Due to the advances in sensing technology and motion systems, collaborative robotic applications are changing the way people and machines interact on the plant floor. This collaboration allows manufacturers and industrial operators to combine best practices of robotic systems, such as the strength and repeatability of machines, with the flexibility, adaptability, and intelligence of humans.
The result is a collaborative work environment that enhances production efficiency and flexibility, while also reducing the physical burden on humans. These advances in robotic systems are increasingly important as companies seek new ways to retain their skilled but aging workforce.
One of the key enablers of collaborative robotic applications is the safety technology that allows humans and robots to share the same workspace with less risk of human injury. Advanced safety technology is increasingly embedded in the robot and in the cell controller. Sophisticated sensors, safety controllers, and communication networks provide real-time safety data that allows robots to automatically respond to potential incidents (such as coming into contact with an operator) and reducing the need for safety cages (freeing floor space, saving money, and increasing flexibility in the way robots are used on the plant floor).
Today’s standards—provided by the Robotic Industries Association and various safety standards bodies—offer guidance on how robots and humans can work together to revolutionize productivity and safety in industrial operations.
Implementing Collaborative Robotics
A robot is not collaborative by itself and is only one part of a collaborative robotic application; it does not achieve safety compliance on its own. According to standards ANSI/RIA R15.06-2012 and ISO 10218, the term “collaborative robotics” describes an automatically operated robot system sharing the same workspace with a human.
There are four types of collaborative operations:
Safety-rated monitored stop. Sensors in the safety control system detect human presence and immediately stop the robot if a human gets too close. This is commonly used when humans and robots are working in close proximity or with overlapping work envelopes. A worker can load parts directly onto a robot end-effector while it is in a safe-stop condition. This helps improve productivity because the machine can keep running independent from the robot.
Hand-guiding operation. A less common method than safety-rated monitoring, it allows operators to manually control or reposition the robot for its next task. In this case, the operator is in direct contact with the robot arm and can utilize hand controls to reposition it—not a preferred method for tasks that require fast speeds.

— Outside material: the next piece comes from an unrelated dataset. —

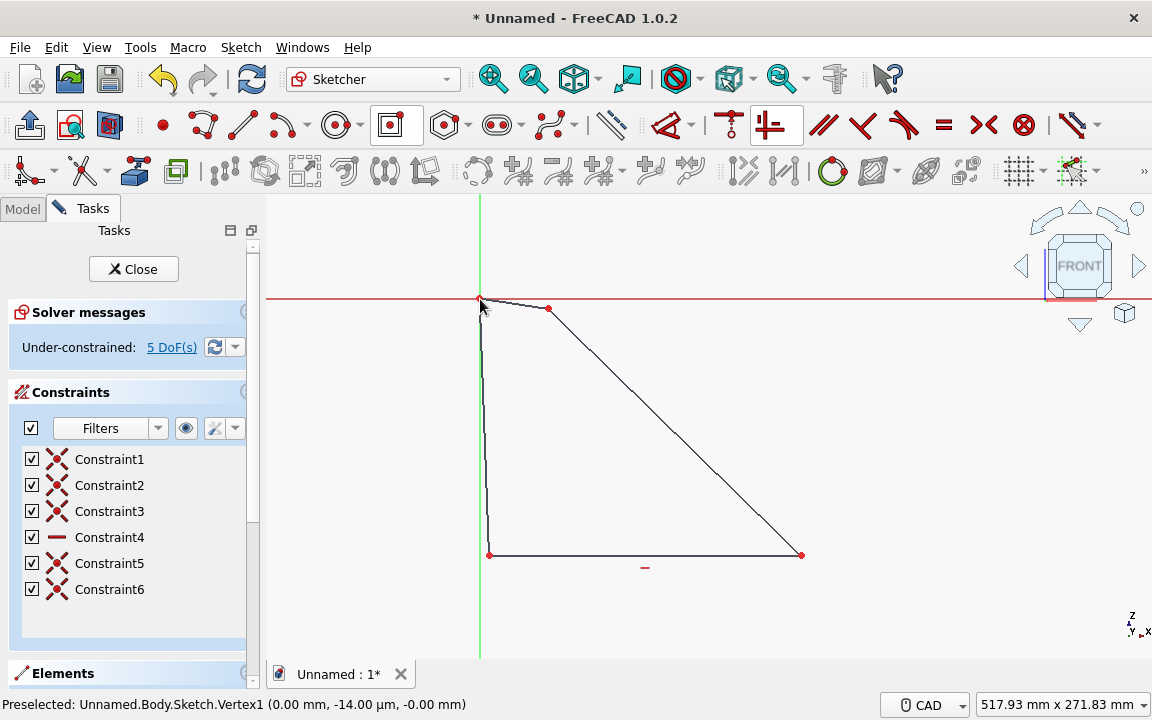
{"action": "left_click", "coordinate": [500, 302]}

Speed and separation monitoring. This method allows operators and robots to work in the same space while maintaining sufficient distance from each other. If a human comes too close to a robot, sensors will trigger the robot to slow down or stop. These areas are indicated by using a yellow and red zone for slow down and stop, respectively. New safety sensor technology is making this application more popular in industrial operations.
Power and force limiting. With this method, if a robot accidentally contacts a human, the robot reduces its force or torque so the human isn’t hurt. This is an emerging method and the least commonly implemented. The robot needs to actually come into contact with a human before it knows to stop. Implementing this method requires understanding the relationship between different levels of force and pain thresholds on various parts of the human body.

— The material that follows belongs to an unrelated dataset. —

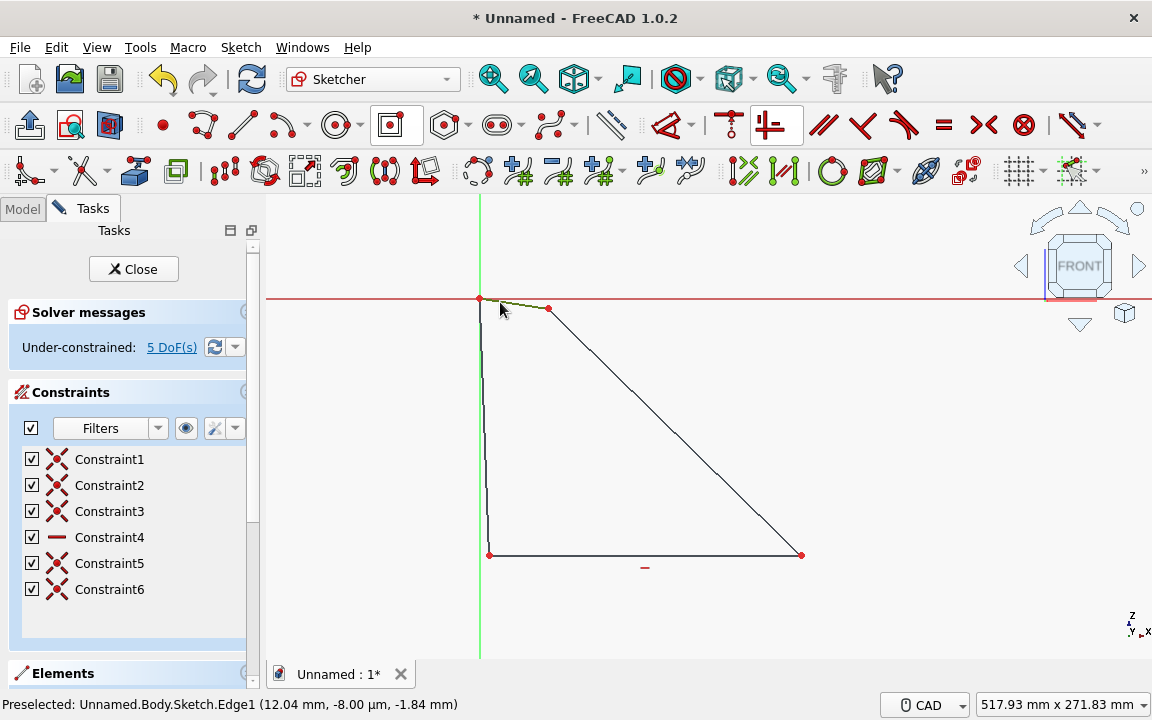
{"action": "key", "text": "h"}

Studies are being conducted to explore the power and force limiting method and make it possible. For example, standard ISO/TS 15066 outlines findings from one study on pain tolerance, which includes a list of maximum force and pressure levels for each part of the human body to help determine power and force limits. The standard provides some guidance on how to conduct a risk assessment for each part of the human body that could come into contact with a robot.
Most of these methods are intended to prevent humans from coming into physical contact with robots and machinery, but it is still critical to follow the functional safety lifecycle when designing collaborative robotics applications. ISO 12100 and ANSI B11:0 define the safety lifecycle and conducting a risk assessment is the first step, followed by defining functional specifications, using proper guarding, completing verification, and validation testing.

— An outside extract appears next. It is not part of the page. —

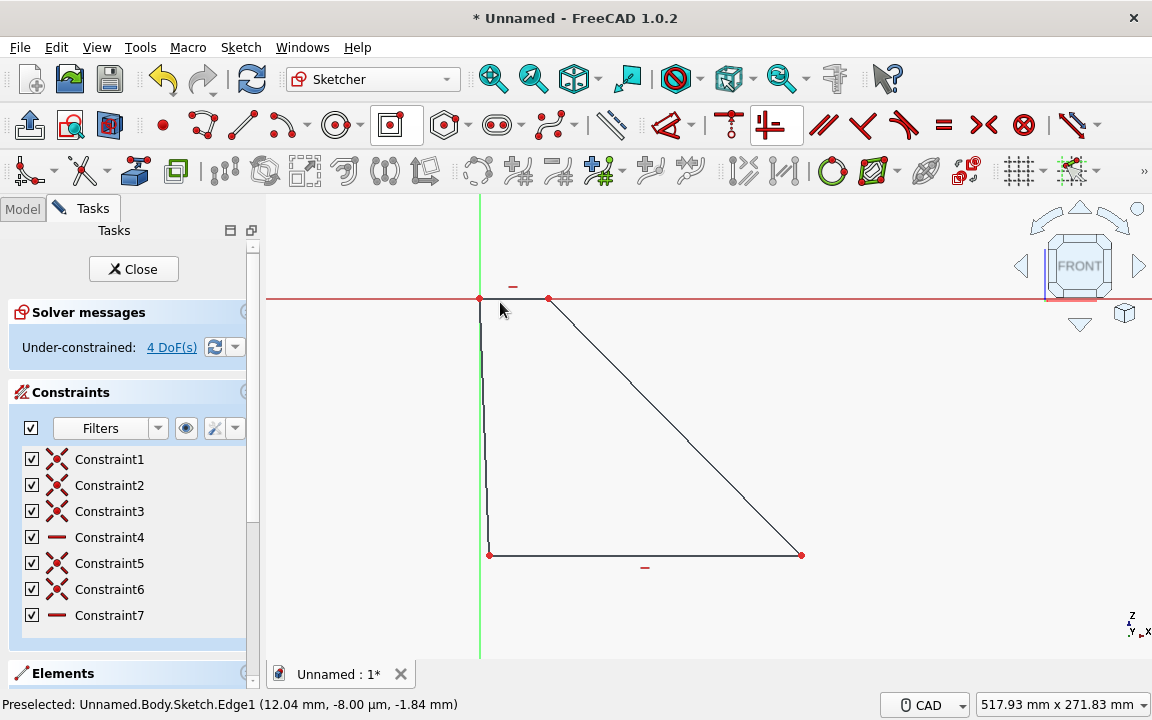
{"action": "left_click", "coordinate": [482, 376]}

ISO/TS 15066 provides guidance for the design of collaborative workspaces, as well as how to conduct a risk assessment for collaborative robot applications. It supplements ISO 10218-1 and ISO 10218-2. In addition, RIA TR R15.306 provides a recommended methodology for conducting task-based risk assessments to meet the standard’s requirements. A proper risk assessment identifies all of the ways a human and a robot could potentially come into contact with each other, evaluating the associated level of risk, and mitigating that risk using appropriate measures.
The Future of Collaborative Robots
The growth of collaborative robotics is a new era for industrial operations. From taking over repetitive tasks and heavy-lifting duties to handling complex assemblies or meeting strict quality requirements, their usefulness spans different industries and applications. Getting there, however, will involve a number a changes for engineers. OEMs and end users need to adopt new standards, tools, and methods of analyzing risk. Organizations that embrace these changes will be ahead of the curve and positioned to realize the productivity gains and efficiency afforded by collaborative robots while enhancing worker safety and compliance.